Though the dichotomy between the desired and the taboo is old news, sex has only recently (slowly, over the last 40 years) become something that people young and old are expected to be having, and expected to want to be having— but not talking or thinking too hard about. We all know the script; it's supposed to be charming, breathy, seamless, steamy, and, if you talk to a rapper or the writers of Gossip Girl, there's supposed to be a lot of it. And though maymay's points are prescient, youth are not altogether restrained from information about sex. In fact, information is everywhere; it's just that the only message being consistently conveyed is, to paraphrase one particularly inappropriate grandfather of popular culture, who embodies enough social stigma against desire and age on his own: "Fuck a lot of women."

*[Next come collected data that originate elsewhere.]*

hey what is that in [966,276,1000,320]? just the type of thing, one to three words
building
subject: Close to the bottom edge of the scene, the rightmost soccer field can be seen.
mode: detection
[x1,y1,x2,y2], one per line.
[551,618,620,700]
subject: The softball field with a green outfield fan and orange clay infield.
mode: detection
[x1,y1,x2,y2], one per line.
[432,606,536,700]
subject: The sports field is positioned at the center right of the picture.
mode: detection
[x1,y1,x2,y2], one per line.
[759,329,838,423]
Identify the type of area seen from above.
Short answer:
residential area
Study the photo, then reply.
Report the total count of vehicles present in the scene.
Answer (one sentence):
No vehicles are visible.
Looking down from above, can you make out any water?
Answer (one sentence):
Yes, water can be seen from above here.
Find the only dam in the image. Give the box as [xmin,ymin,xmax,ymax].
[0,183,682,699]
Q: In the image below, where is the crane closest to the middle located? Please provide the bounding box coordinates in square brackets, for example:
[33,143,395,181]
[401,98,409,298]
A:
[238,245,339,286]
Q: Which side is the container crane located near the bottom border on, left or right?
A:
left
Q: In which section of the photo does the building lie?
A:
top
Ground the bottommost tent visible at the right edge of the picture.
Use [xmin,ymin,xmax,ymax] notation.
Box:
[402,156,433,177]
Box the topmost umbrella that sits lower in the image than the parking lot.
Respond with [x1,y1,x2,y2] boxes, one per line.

So why is it that only now (and with a lot of push-back from conservative opponents of everything from comprehensive sex-education to erotica and non-normative sexuality), that we are beginning to talk about the spectrum of issues that can constitute or deny satisfaction? Possibly because we now know that the script breaks down, and as Bergner and maymay both argue, it breaks down in the predictable places where we have a gap in collective knowledge about what we want and why. It's gap stretched even further by the willful denial that variety exists, that people's wants and needs can and should vary, and the tendency to pathologize what we are afraid to accept, and medicate what we are afraid to explain.

Cheers to the journalists and activists who want to change this culture.


UPDATE: The solutions to these problems might just be in the kitchen! ...Probably not, but just in case, here's the cover of the cutest holiday gift I bought yesterday for someone special when he gets back to the States (Shh, don't tell!)

3 comments:

maymay said...

Wow, thank you so much for the kind words and thoughtful insights in this post. I saw the Bergner piece in the NYT as well and couldn't possibly have drawn a better connection between it and youth sexuality than you've done here.

I'm reminded of the way Chris Anderson, director of the TED conference, reminds us how "all of this stuff is connected."

In the comments on my blog post about this issue, one commenter asked me why I'm calling this "adultism" and not "ageism." In brief, I think the issues are related, not identical. And that's what your post here highlights so spectacularly.

Thank you for helping to spread this important message and for sharing the link to my video presentation.

Rachel C said...

Thank you, Maymay! I really admire all of the sex-positive work you're doing—these issues are really important to me too, but college has left me with neither the time nor tech skills to participate in these conversations as much as I would like.

Thanks also for the TED link.

maymay said...

Thanks again, Rachel. :)

Yes, there's unfortunately a remarkable digital divide when it comes to sexuality stuff. Ironically, the porn industry always seems to be on the cutting edge of technical advances, however somehow—to that very industry's detriment, I would argue—such technical expertise doesn't seem to be transferring smoothly into sex-positive advocacy groups, or non-profit sectors. This is really a shame.

For what it's worth, I'm trying to address that (my previous KinkForAll presentation was related to this), too, along with the help of some others. On January 12th, I'll be guest-hosting the second Deviants Online workshop, which is about this very topic. I bring it up because I think, since you mentioned a belief that you lack enough tech skills (which, frankly, I question, since you're clearly a capable woman) that you might be interested in at least taking a peek at the website: DeviantsOnline.com.